I'm a bit time/resource constrained at the moment but will have a go. Looking at the code I did wonder if having other virtiofs shares already defined at start up was part of the problem?
On Thu, 8 Aug 2024, 07:10 Stéphane Graber, @.***> wrote:
@.:~$ incus launch images:ubuntu/24.04 v1 --vm Launching v1 @.:~$ incus config device add v1 etc disk source=/etc/ path=/mnt/etc Device etc added to v1 @.:~$ incus exec v1 -- df -h /mnt/etc Filesystem Size Used Avail Use% Mounted on incus_etc 90G 25G 61G 29% /mnt/etc @.:~$
Can you show a full incus config show --expanded ostree3?
Also, any chance you can test on an up to date version of Incus (6.0.1 for LTS, 6.3 for non-LTS)?

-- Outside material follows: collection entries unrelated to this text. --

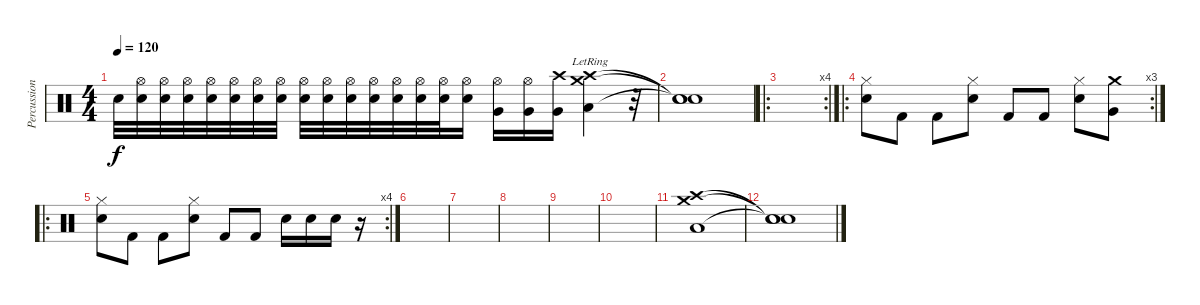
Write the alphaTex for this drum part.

\track ("Percussion" "Percussion") {instrument percussion}
\staff {score}
\articulation defaults
\ts (4 4)
\tempo 120
\clef neutral
\ks c "Snare (hit) 2".32{dy f}
("Snare (hit) 2" "Hi-Hat (open)").32 ("Snare (hit) 2" "Hi-Hat (open)").32 ("Snare (hit) 2" "Hi-Hat (open)").32 ("Snare (hit) 2" "Hi-Hat (open)").32 ("Snare (hit) 2" "Hi-Hat (open)").32 ("Snare (hit) 2" "Hi-Hat (open)").32 ("Snare (hit) 2" "Hi-Hat (open)").32 ("Snare (hit) 2" "Hi-Hat (open)").32 ("Snare (hit) 2" "Hi-Hat (open)").32 ("Snare (hit) 2" "Hi-Hat (open)").32 ("Snare (hit) 2" "Hi-Hat (open)").32 ("Snare (hit) 2" "Hi-Hat (open)").32 ("Snare (hit) 2" "Hi-Hat (open)").32 ("Electric Snare (hit)" "Hi-Hat (open)").32 ("Snare (hit) 2" "Hi-Hat (open)").16 ("Very Low Tom (hit)" "Hi-Hat (open)").16 ("Very Low Tom (hit)" "Hi-Hat (open)").16 ("Very Low Tom (hit)" "Crash high (hit)").16 ("Low Tom (hit)"{lr} "Crash high (hit)" "Crash medium (hit)").4 r.32 |
("Snare (hit)"{t} "Snare (hit)"{t} "Snare (hit)"{t}).1 |
\ro
\rc 4
|
\ro
\rc 3
("Hi-Hat (closed)" "Snare (hit) 2").8 "Kick (hit) 2".8 "Kick (hit) 2".8 ("Hi-Hat (closed)" "Snare (hit) 2").8 "Kick (hit) 2".8 "Kick (hit) 2".8 ("Hi-Hat (closed)" "Snare (hit) 2").8 ("Crash medium (hit)" "Very Low Tom (hit)").8 |
\ro
\rc 4
("Hi-Hat (closed)" "Snare (hit) 2").8 "Kick (hit) 2".8 "Kick (hit) 2".8 ("Hi-Hat (closed)" "Snare (hit) 2").8 "Kick (hit) 2".8 "Kick (hit) 2".8 "Electric Snare (hit)".16 "Electric Snare (hit)".16 "Electric Snare (hit)".16 r.16 |
|
|
|
|
|
("Low Floor Tom (hit)" "Crash high (hit)" "Crash medium (hit)").1 |
("Snare (hit)"{t} "Snare (hit)"{t} "Snare (hit)"{t}).1
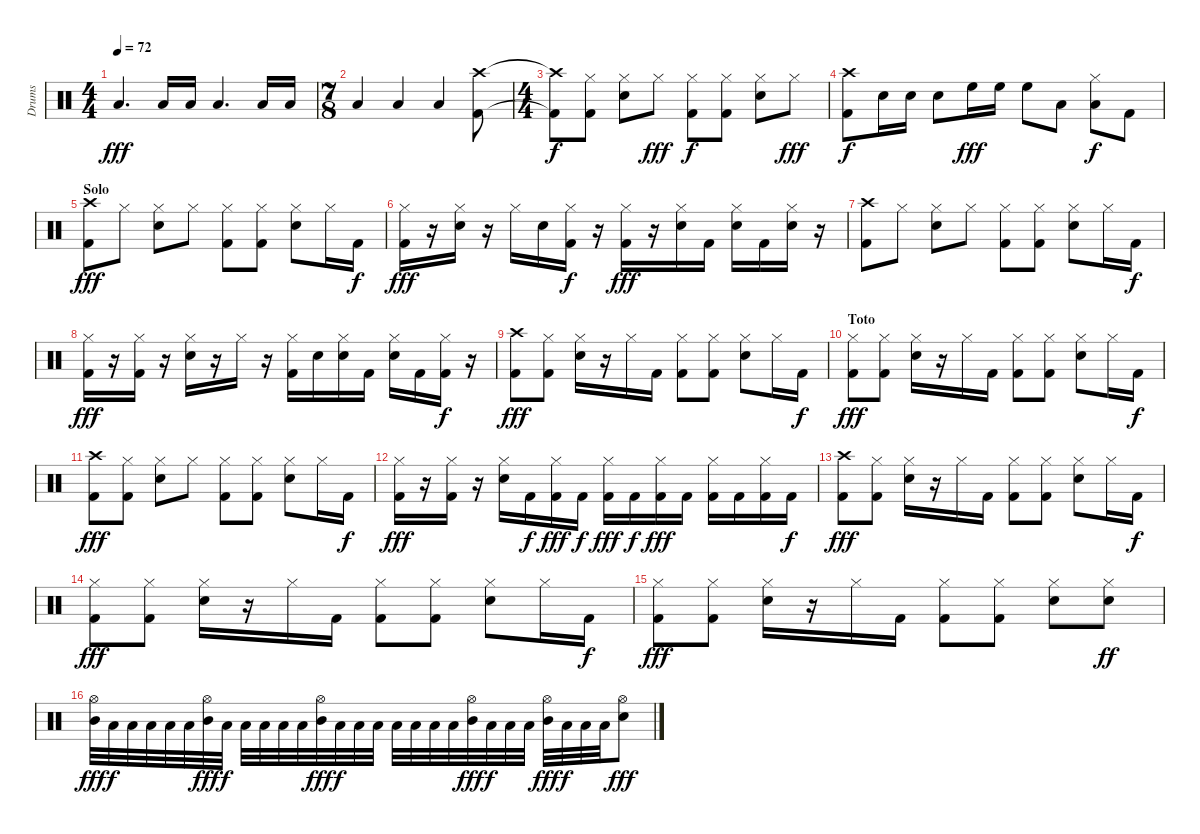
\track ("Drums" "Drums") {instrument percussion}
\staff {score}
\articulation defaults
\ts (4 4)
\tempo 72
\clef neutral
\ks c "Low Floor Tom (hit)".4{d dy fff} "Low Floor Tom (hit)".16 "Low Floor Tom (hit)".16 "Low Floor Tom (hit)".4{d} "Low Floor Tom (hit)".16 "Low Floor Tom (hit)".16
|
\ts (7 8)
"Low Floor Tom (hit)".4 "Low Floor Tom (hit)".4 "Low Floor Tom (hit)".4 ("Crash high (hit)" "Kick (hit) 2").8 |
\ts (4 4)
("Crash high (hit)"{t} "Kick (hit) 2"{t}).8{dy f} ("Hi-Hat (closed)" "Kick (hit) 2").8 ("Hi-Hat (closed)" "Snare (hit) 2").8 "Hi-Hat (closed)".8{dy fff} ("Hi-Hat (closed)" "Kick (hit) 2").8{dy f} ("Hi-Hat (closed)" "Kick (hit) 2").8 ("Hi-Hat (closed)" "Snare (hit) 2").8 "Hi-Hat (closed)".8{dy fff} |
("Crash high (hit)" "Kick (hit) 2").8{dy f} "Snare (hit) 2".16 "Snare (hit) 2".16 "Snare (hit) 2".8 "High Floor Tom (hit)".16{dy fff} "High Floor Tom (hit)".16 "High Floor Tom (hit)".8 "Low Floor Tom (hit)".8 ("Hi-Hat (closed)" "Low Floor Tom (hit)").8{dy f} "Kick (hit) 2".8 |
\section ("" "Solo")
("Crash high (hit)" "Kick (hit) 2").8{dy fff} "Hi-Hat (closed)".8 ("Hi-Hat (closed)" "Snare (hit) 2").8 "Hi-Hat (closed)".8 ("Hi-Hat (closed)" "Kick (hit) 2").8 ("Hi-Hat (closed)" "Kick (hit) 2").8 ("Hi-Hat (closed)" "Snare (hit) 2").8 "Hi-Hat (closed)".16 "Kick (hit) 2".16{dy f} |
("Hi-Hat (closed)" "Kick (hit) 2").16{dy fff} r.16 ("Hi-Hat (closed)" "Snare (hit) 2").16 r.16 "Hi-Hat (closed)".16 "Snare (hit) 2".16 ("Hi-Hat (closed)" "Kick (hit) 2").16{dy f} r.16 ("Hi-Hat (closed)" "Kick (hit) 2").16{dy fff} r.16 ("Hi-Hat (closed)" "Snare (hit) 2").16 "Kick (hit) 2".16 ("Hi-Hat (closed)" "Snare (hit) 2").16 "Kick (hit) 2".16 ("Hi-Hat (closed)" "Snare (hit) 2").16 r.16 |
("Crash high (hit)" "Kick (hit) 2").8 "Hi-Hat (closed)".8 ("Hi-Hat (closed)" "Snare (hit) 2").8 "Hi-Hat (closed)".8 ("Hi-Hat (closed)" "Kick (hit) 2").8 ("Hi-Hat (closed)" "Kick (hit) 2").8 ("Hi-Hat (closed)" "Snare (hit) 2").8 "Hi-Hat (closed)".16 "Kick (hit) 2".16{dy f} |
("Hi-Hat (closed)" "Kick (hit) 2").16{dy fff} r.16 ("Hi-Hat (closed)" "Kick (hit) 2").16 r.16 ("Hi-Hat (closed)" "Snare (hit) 2").16 r.16 "Hi-Hat (closed)".16 r.16 ("Hi-Hat (closed)" "Kick (hit) 2").16 "Snare (hit) 2".16 ("Hi-Hat (closed)" "Snare (hit) 2").16 "Kick (hit) 2".16 ("Hi-Hat (closed)" "Snare (hit) 2").16 "Kick (hit) 2".16 ("Hi-Hat (closed)" "Kick (hit) 2").16{dy f} r.16 |
("Crash high (hit)" "Kick (hit) 2").8{dy fff} ("Hi-Hat (closed)" "Kick (hit) 2").8 ("Hi-Hat (closed)" "Snare (hit) 2").16 r.16 "Hi-Hat (closed)".16 "Kick (hit) 2".16 ("Hi-Hat (closed)" "Kick (hit) 2").8 ("Hi-Hat (closed)" "Kick (hit) 2").8 ("Hi-Hat (closed)" "Snare (hit) 2").8 "Hi-Hat (closed)".16 "Kick (hit) 2".16{dy f} |
\section ("" "Toto")
("Hi-Hat (closed)" "Kick (hit) 2").8{dy fff} ("Hi-Hat (closed)" "Kick (hit) 2").8 ("Hi-Hat (closed)" "Snare (hit) 2").16 r.16 "Hi-Hat (closed)".16 "Kick (hit) 2".16 ("Hi-Hat (closed)" "Kick (hit) 2").8 ("Hi-Hat (closed)" "Kick (hit) 2").8 ("Hi-Hat (closed)" "Snare (hit) 2").8 "Hi-Hat (closed)".16 "Kick (hit) 2".16{dy f} |
("Crash high (hit)" "Kick (hit) 2").8{dy fff} ("Hi-Hat (closed)" "Kick (hit) 2").8 ("Hi-Hat (closed)" "Snare (hit) 2").8 "Hi-Hat (closed)".8 ("Hi-Hat (closed)" "Kick (hit) 2").8 ("Hi-Hat (closed)" "Kick (hit) 2").8 ("Hi-Hat (closed)" "Snare (hit) 2").8 "Hi-Hat (closed)".16 "Kick (hit) 2".16{dy f} |
("Hi-Hat (closed)" "Kick (hit) 2").16{dy fff} r.16 ("Hi-Hat (closed)" "Kick (hit) 2").16 r.16 ("Hi-Hat (closed)" "Snare (hit) 2").16 "Kick (hit) 2".16{dy f} ("Hi-Hat (closed)" "Kick (hit) 2").16{dy fff} "Kick (hit) 2".16{dy f} ("Hi-Hat (closed)" "Kick (hit) 2").16{dy fff} "Kick (hit) 2".16{dy f} ("Hi-Hat (closed)" "Kick (hit) 2").16{dy fff} "Kick (hit) 2".16 ("Hi-Hat (closed)" "Kick (hit) 2").16 "Kick (hit) 2".16 ("Hi-Hat (closed)" "Kick (hit) 2").16 "Kick (hit) 2".16{dy f} |
("Crash high (hit)" "Kick (hit) 2").8{dy fff} ("Hi-Hat (closed)" "Kick (hit) 2").8 ("Hi-Hat (closed)" "Snare (hit) 2").16 r.16 "Hi-Hat (closed)".16 "Kick (hit) 2".16 ("Hi-Hat (closed)" "Kick (hit) 2").8 ("Hi-Hat (closed)" "Kick (hit) 2").8 ("Hi-Hat (closed)" "Snare (hit) 2").8 "Hi-Hat (closed)".16 "Kick (hit) 2".16{dy f} |
("Hi-Hat (closed)" "Kick (hit) 2").8{dy fff} ("Hi-Hat (closed)" "Kick (hit) 2").8 ("Hi-Hat (closed)" "Snare (hit) 2").16 r.16 "Hi-Hat (closed)".16 "Kick (hit) 2".16 ("Hi-Hat (closed)" "Kick (hit) 2").8 ("Hi-Hat (closed)" "Kick (hit) 2").8 ("Hi-Hat (closed)" "Snare (hit) 2").8 "Hi-Hat (closed)".16 "Kick (hit) 2".16{dy f} |
("Hi-Hat (closed)" "Kick (hit) 2").8{dy fff} ("Hi-Hat (closed)" "Kick (hit) 2").8 ("Hi-Hat (closed)" "Snare (hit) 2").16 r.16 "Hi-Hat (closed)".16 "Kick (hit) 2".16 ("Hi-Hat (closed)" "Kick (hit) 2").8 ("Hi-Hat (closed)" "Kick (hit) 2").8 ("Hi-Hat (closed)" "Snare (hit) 2").8 ("Hi-Hat (closed)" "Snare (hit) 2").8{dy ff} |
("Hi-Hat (open)" "Mid Tom (hit)").32{dy fff} "Low Tom (hit)".32{dy f} "Low Tom (hit)".32 "Low Tom (hit)".32 "Low Tom (hit)".32 "Low Tom (hit)".32 ("Hi-Hat (open)" "Mid Tom (hit)").32{dy fff} "Low Tom (hit)".32{dy f} "Low Tom (hit)".32 "Low Tom (hit)".32 "Low Tom (hit)".32 "Low Tom (hit)".32 ("Hi-Hat (open)" "Mid Tom (hit)").32{dy fff} "Low Tom (hit)".32{dy f} "Low Tom (hit)".32 "Low Tom (hit)".32 "Low Tom (hit)".32 "Low Tom (hit)".32 "Low Tom (hit)".32 "Low Tom (hit)".32 ("Hi-Hat (open)" "Mid Tom (hit)").32{dy fff} "Low Tom (hit)".32{dy f} "Low Tom (hit)".32 "Low Tom (hit)".32 ("Hi-Hat (open)" "Mid Tom (hit)").32{dy fff} "Low Tom (hit)".32{dy f} "Low Tom (hit)".32 "Low Tom (hit)".32 ("Hi-Hat (open)" "Snare (hit) 2").8{dy fff}

— Reply to this email directly, view it on GitHub https://github.com/lxc/incus/issues/1086#issuecomment-2275025926, or unsubscribe https://github.com/notifications/unsubscribe-auth/AB4TJUUFUGEZPJQS45DWMALZQMDULAVCNFSM6AAAAABMFEZTAKVHI2DSMVQWIX3LMV43OSLTON2WKQ3PNVWWK3TUHMZDENZVGAZDKOJSGY . You are receiving this because you authored the thread.Message ID: @.***>
I can't easily upgrade to 6.0.1 - I have some VMs running I really don't want to stop. I will look at spinning up another incus install somewhere though.
For the moment, I did create a fresh VM, started it, added two virtiofs mounts OK. Shut it down and restarted, added one more OK, then the fourth failed Error: Failed to start device "test2": Failed to add the virtiofs device: Bus 'qemu_pcie9' not found
This might be a question of working backwards from the code to work out what the failing condition is..
Here's the PCI topology after the tests described above:
+-01.0-[01]--+-00.0 Red Hat, Inc. Virtio memory balloon [1af4:1045]
| +-00.1 Red Hat, Inc. Virtio RNG [1af4:1044]
| +-00.2 Red Hat, Inc. Virtio input [1af4:1052]
| +-00.3 Red Hat, Inc. Virtio input [1af4:1052]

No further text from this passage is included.